WHAT YOU NEED TO DO: Return, without anything added, the lines from the one containing "Now the 3D box of the hazelnut" through the end of the entries below, exactly as written.

RECORDED DATA START

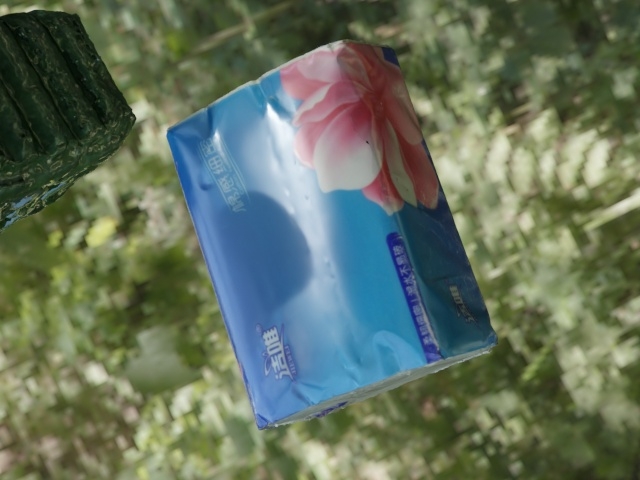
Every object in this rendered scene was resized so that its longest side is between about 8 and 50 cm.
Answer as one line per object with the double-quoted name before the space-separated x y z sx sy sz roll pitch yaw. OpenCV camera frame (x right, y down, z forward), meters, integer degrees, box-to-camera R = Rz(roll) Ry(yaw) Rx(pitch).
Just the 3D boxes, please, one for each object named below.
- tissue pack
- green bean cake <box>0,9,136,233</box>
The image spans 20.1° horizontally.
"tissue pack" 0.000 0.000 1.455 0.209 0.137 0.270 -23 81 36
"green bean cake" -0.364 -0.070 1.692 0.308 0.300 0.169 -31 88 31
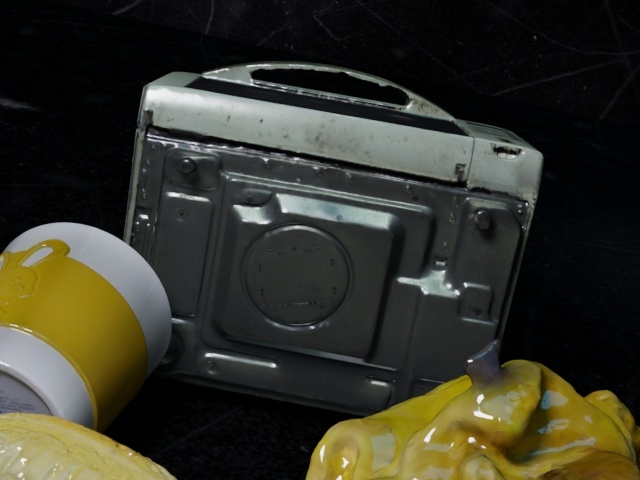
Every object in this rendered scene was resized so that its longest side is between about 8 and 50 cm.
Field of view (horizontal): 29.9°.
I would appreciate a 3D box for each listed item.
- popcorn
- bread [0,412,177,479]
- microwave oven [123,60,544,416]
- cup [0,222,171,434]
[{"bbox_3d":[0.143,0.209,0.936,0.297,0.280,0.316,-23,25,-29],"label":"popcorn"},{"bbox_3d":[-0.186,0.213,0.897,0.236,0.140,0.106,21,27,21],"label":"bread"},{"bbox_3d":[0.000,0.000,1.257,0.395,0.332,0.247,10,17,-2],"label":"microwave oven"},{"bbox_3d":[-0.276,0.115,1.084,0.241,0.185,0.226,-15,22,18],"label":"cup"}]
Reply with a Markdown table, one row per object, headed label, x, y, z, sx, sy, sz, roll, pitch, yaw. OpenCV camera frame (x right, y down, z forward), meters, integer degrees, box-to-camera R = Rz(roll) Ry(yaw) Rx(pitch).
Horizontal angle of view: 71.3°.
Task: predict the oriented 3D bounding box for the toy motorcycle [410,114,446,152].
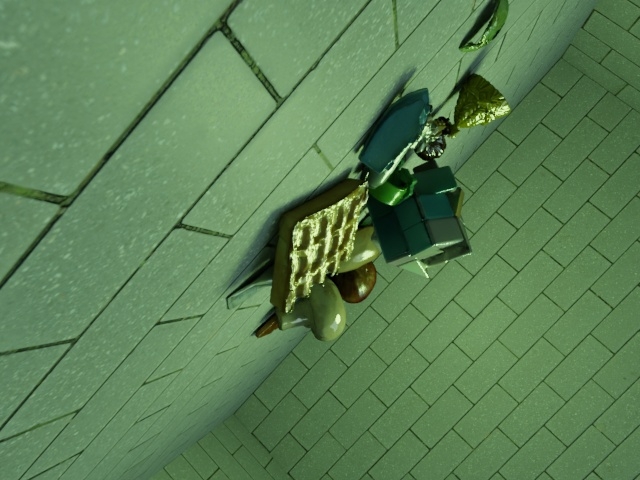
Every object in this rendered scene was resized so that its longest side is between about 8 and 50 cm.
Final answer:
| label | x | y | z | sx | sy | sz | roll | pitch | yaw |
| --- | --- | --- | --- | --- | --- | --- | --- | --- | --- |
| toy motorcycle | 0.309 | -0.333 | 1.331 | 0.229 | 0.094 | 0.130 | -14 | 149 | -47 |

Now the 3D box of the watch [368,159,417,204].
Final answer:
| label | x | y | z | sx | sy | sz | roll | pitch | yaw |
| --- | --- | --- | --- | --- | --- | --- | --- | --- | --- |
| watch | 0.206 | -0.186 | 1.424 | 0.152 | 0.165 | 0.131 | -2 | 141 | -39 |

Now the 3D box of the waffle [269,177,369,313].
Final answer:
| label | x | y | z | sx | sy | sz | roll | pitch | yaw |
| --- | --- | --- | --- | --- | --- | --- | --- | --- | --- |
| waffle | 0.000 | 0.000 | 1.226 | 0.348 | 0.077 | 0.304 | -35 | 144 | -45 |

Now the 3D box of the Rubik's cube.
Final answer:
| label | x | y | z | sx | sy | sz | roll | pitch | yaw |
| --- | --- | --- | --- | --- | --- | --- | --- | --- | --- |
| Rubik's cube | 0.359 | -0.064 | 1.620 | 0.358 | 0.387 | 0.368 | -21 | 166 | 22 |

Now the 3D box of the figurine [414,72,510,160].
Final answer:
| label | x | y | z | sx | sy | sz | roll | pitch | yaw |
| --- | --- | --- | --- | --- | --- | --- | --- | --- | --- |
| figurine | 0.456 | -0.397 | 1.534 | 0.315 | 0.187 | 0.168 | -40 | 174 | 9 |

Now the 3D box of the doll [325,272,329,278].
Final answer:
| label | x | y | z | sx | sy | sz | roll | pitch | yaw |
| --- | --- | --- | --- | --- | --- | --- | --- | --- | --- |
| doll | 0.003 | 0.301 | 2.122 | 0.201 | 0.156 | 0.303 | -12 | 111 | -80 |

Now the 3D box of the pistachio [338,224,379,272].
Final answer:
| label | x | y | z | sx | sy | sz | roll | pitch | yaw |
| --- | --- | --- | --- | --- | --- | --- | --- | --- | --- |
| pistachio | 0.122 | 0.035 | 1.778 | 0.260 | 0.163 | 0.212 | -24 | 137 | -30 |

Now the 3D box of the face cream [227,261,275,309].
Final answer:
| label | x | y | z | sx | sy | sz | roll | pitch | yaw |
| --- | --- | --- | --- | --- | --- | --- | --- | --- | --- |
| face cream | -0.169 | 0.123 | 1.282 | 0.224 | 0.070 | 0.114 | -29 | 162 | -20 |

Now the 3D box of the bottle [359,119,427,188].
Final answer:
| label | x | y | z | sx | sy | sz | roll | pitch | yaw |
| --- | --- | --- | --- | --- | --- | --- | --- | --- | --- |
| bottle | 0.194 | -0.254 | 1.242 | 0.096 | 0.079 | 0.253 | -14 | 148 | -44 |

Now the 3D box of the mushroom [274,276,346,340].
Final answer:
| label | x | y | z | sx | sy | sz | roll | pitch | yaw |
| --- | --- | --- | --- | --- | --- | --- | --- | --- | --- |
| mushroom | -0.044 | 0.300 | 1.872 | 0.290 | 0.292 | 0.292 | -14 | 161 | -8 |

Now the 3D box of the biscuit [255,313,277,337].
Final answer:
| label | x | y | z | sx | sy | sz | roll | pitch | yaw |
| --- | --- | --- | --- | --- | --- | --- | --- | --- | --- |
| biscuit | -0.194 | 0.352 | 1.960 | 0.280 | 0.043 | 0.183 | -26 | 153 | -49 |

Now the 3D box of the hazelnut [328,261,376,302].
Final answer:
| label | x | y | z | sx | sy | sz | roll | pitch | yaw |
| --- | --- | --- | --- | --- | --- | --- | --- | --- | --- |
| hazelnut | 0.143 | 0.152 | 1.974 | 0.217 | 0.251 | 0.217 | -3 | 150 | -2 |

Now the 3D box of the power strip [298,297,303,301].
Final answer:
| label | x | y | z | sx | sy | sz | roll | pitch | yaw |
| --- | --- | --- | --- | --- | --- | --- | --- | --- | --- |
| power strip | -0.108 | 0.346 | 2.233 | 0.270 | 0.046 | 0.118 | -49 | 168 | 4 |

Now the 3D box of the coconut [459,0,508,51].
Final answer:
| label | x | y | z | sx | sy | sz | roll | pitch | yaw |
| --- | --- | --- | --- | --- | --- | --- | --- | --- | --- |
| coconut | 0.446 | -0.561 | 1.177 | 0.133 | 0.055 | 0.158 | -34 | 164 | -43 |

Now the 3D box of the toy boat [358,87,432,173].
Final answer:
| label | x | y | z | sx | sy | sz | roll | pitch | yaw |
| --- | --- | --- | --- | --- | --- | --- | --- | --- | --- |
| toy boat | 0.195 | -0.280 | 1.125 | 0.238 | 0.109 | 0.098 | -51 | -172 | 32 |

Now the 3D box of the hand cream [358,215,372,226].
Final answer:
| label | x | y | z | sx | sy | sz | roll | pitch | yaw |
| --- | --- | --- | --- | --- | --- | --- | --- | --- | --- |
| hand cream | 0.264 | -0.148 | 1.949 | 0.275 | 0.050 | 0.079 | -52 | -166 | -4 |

RECORDED DATA END

EXERCISE SOLUTION:
Now the 3D box of the hazelnut [328,261,376,302].
Final answer:
| label | x | y | z | sx | sy | sz | roll | pitch | yaw |
| --- | --- | --- | --- | --- | --- | --- | --- | --- | --- |
| hazelnut | 0.143 | 0.152 | 1.974 | 0.217 | 0.251 | 0.217 | -3 | 150 | -2 |

Now the 3D box of the power strip [298,297,303,301].
Final answer:
| label | x | y | z | sx | sy | sz | roll | pitch | yaw |
| --- | --- | --- | --- | --- | --- | --- | --- | --- | --- |
| power strip | -0.108 | 0.346 | 2.233 | 0.270 | 0.046 | 0.118 | -49 | 168 | 4 |

Now the 3D box of the coconut [459,0,508,51].
Final answer:
| label | x | y | z | sx | sy | sz | roll | pitch | yaw |
| --- | --- | --- | --- | --- | --- | --- | --- | --- | --- |
| coconut | 0.446 | -0.561 | 1.177 | 0.133 | 0.055 | 0.158 | -34 | 164 | -43 |

Now the 3D box of the toy boat [358,87,432,173].
Final answer:
| label | x | y | z | sx | sy | sz | roll | pitch | yaw |
| --- | --- | --- | --- | --- | --- | --- | --- | --- | --- |
| toy boat | 0.195 | -0.280 | 1.125 | 0.238 | 0.109 | 0.098 | -51 | -172 | 32 |

Now the 3D box of the hand cream [358,215,372,226].
Final answer:
| label | x | y | z | sx | sy | sz | roll | pitch | yaw |
| --- | --- | --- | --- | --- | --- | --- | --- | --- | --- |
| hand cream | 0.264 | -0.148 | 1.949 | 0.275 | 0.050 | 0.079 | -52 | -166 | -4 |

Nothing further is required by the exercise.